Font not found: Always use FreeMono or DejaVu Sans Mono. Menlo is macOS-only.
SurroundingRectangle on point: SurroundingRectangle requires a Mobject, not a coordinate. Use Rectangle(...).move_to(point) instead.
Frame quantization at 15fps: Draft (-ql) can have up to ~0.07s timing drift per animation. Production (-qh) at 60fps reduces this to ~0.017s.
Audio shorter than video: If sum(video) > sum(audio), the final clip will have silent tail. Acceptable if < 0.5s. If larger, trim video with ffmpeg or adjust waits.
Scene transition flash: If Scene N fades out elements that Scene N+1 self.add()s, ensure the last frame of N matches the first frame of N+1. Otherwise a "flash" occurs at the stitch point.
Polynomial explosion: Taylor polynomials diverge outside the convergence radius. Set y_range wide enough to show the "shrinking" effect visually, or clip x_range to safe bounds.
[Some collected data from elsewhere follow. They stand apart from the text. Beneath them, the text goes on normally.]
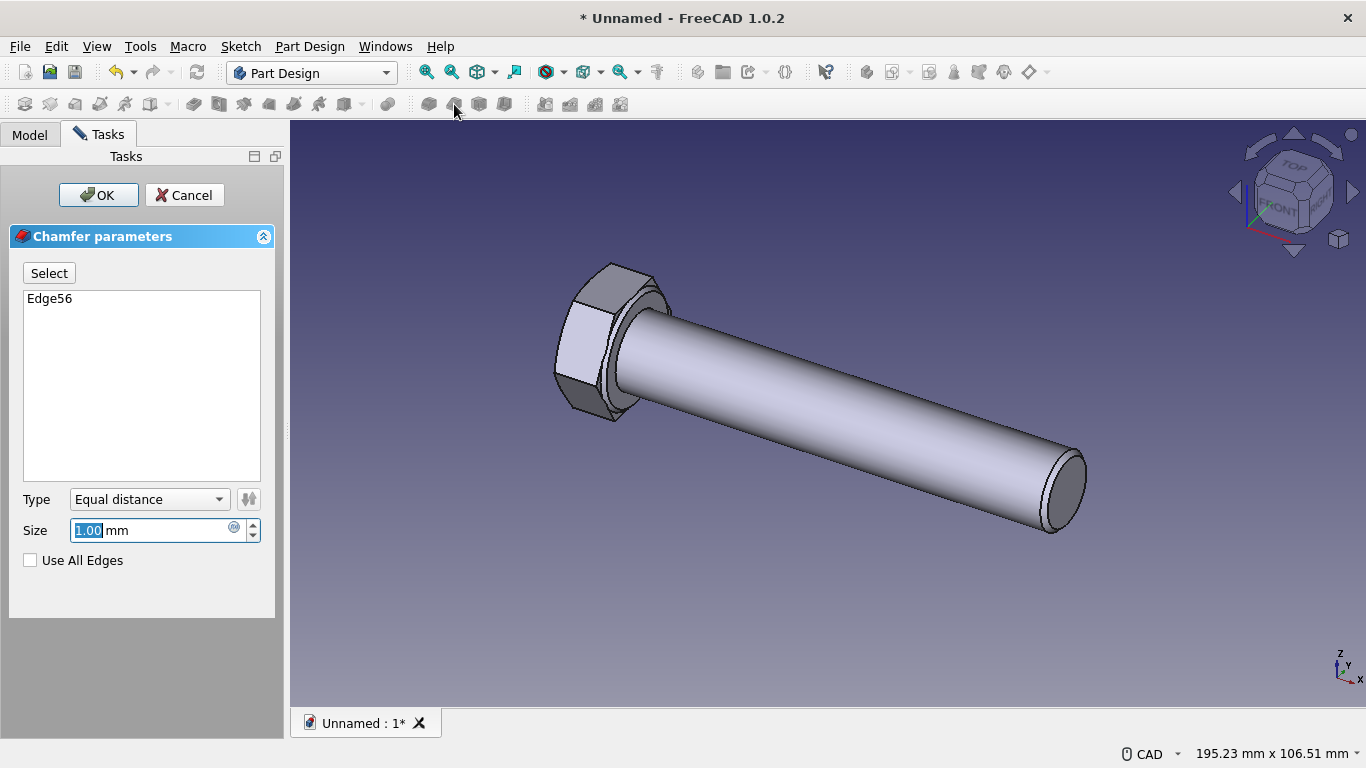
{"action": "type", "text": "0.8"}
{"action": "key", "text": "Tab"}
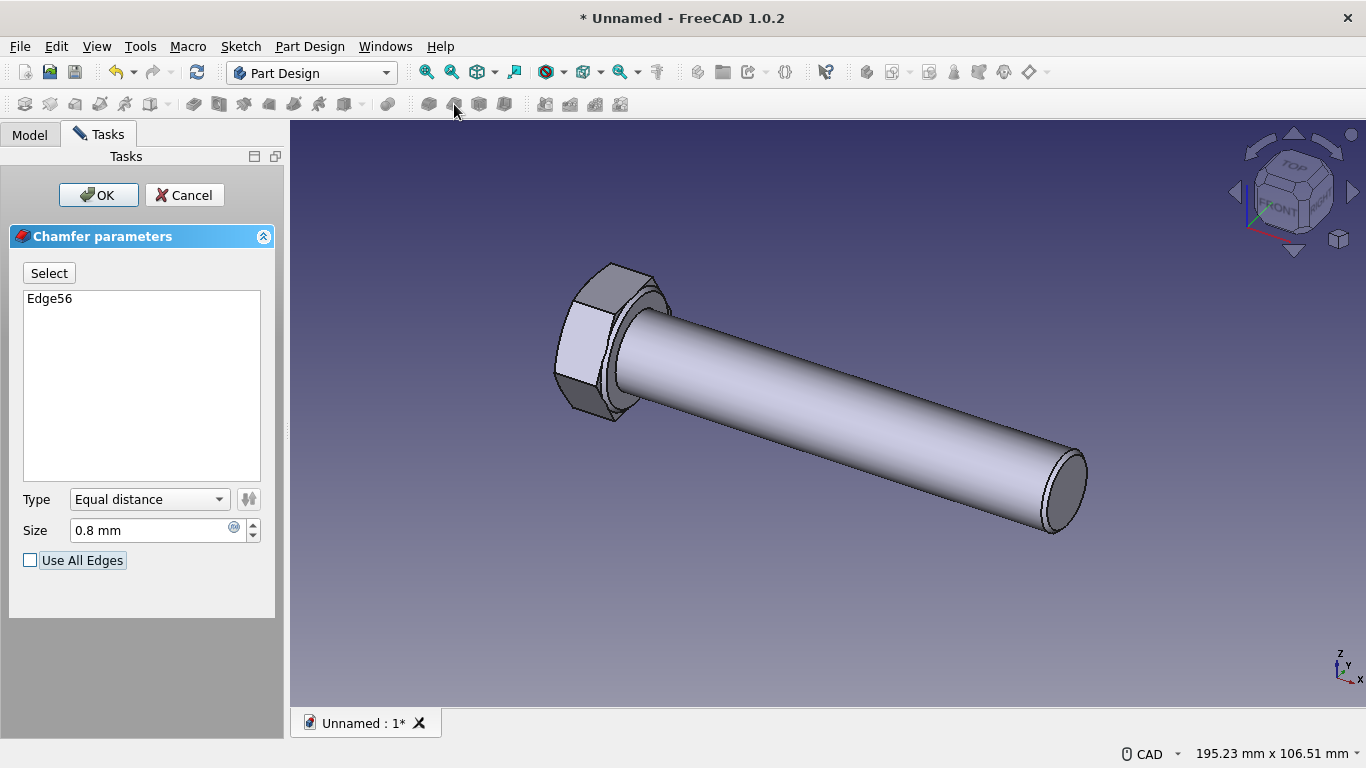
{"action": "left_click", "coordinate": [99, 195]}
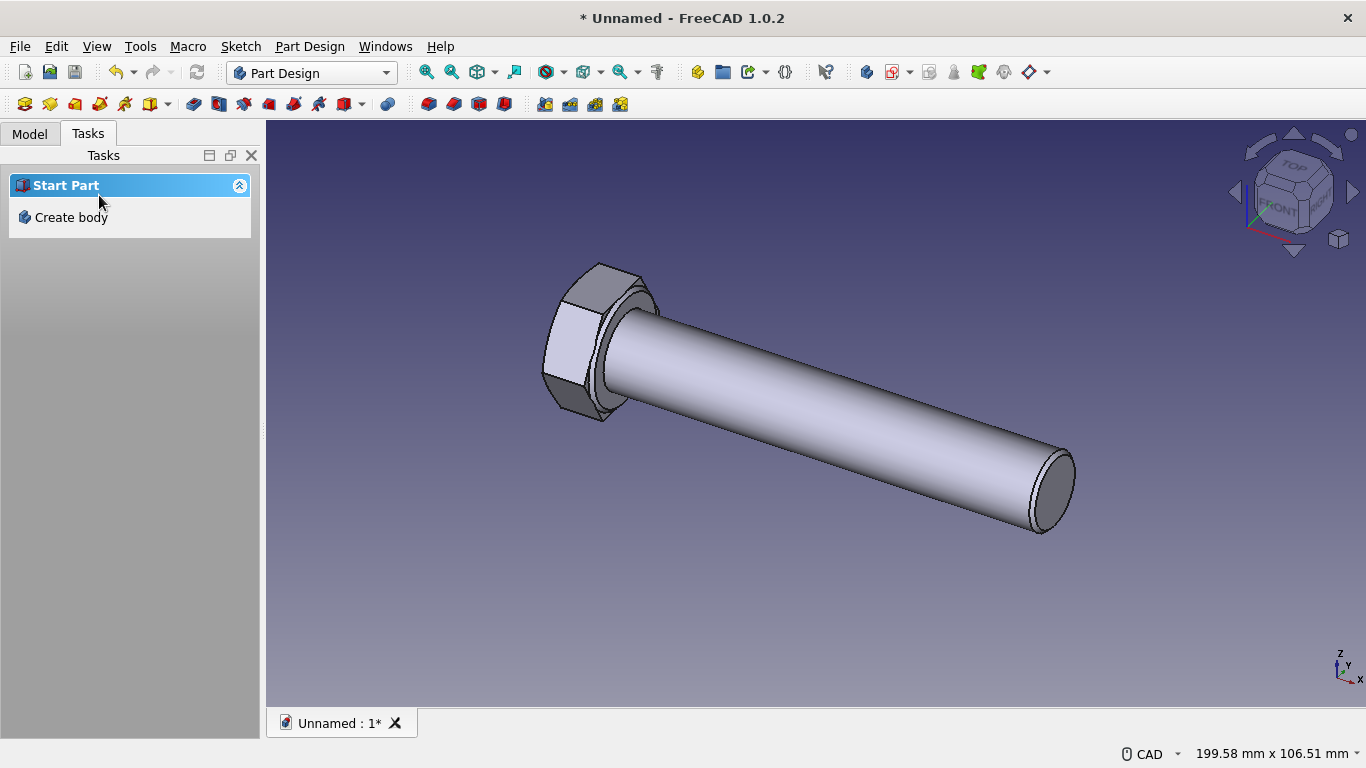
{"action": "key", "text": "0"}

Kids version feels rushed: If adapting for kids, increase all waits by 50%. Children's processing speed is slower; they need time to connect the metaphor to the math.

Sync Quality Checklist

Each scene's run_time + wait sum matches audio duration within 0.1s
Production render durations verified with ffprobe
No visual flash at scene stitch points
Audio concat duration matches video concat duration within 0.5s
Final mux outputs without -shortest truncation
Both Feishu + Web links tested and accessible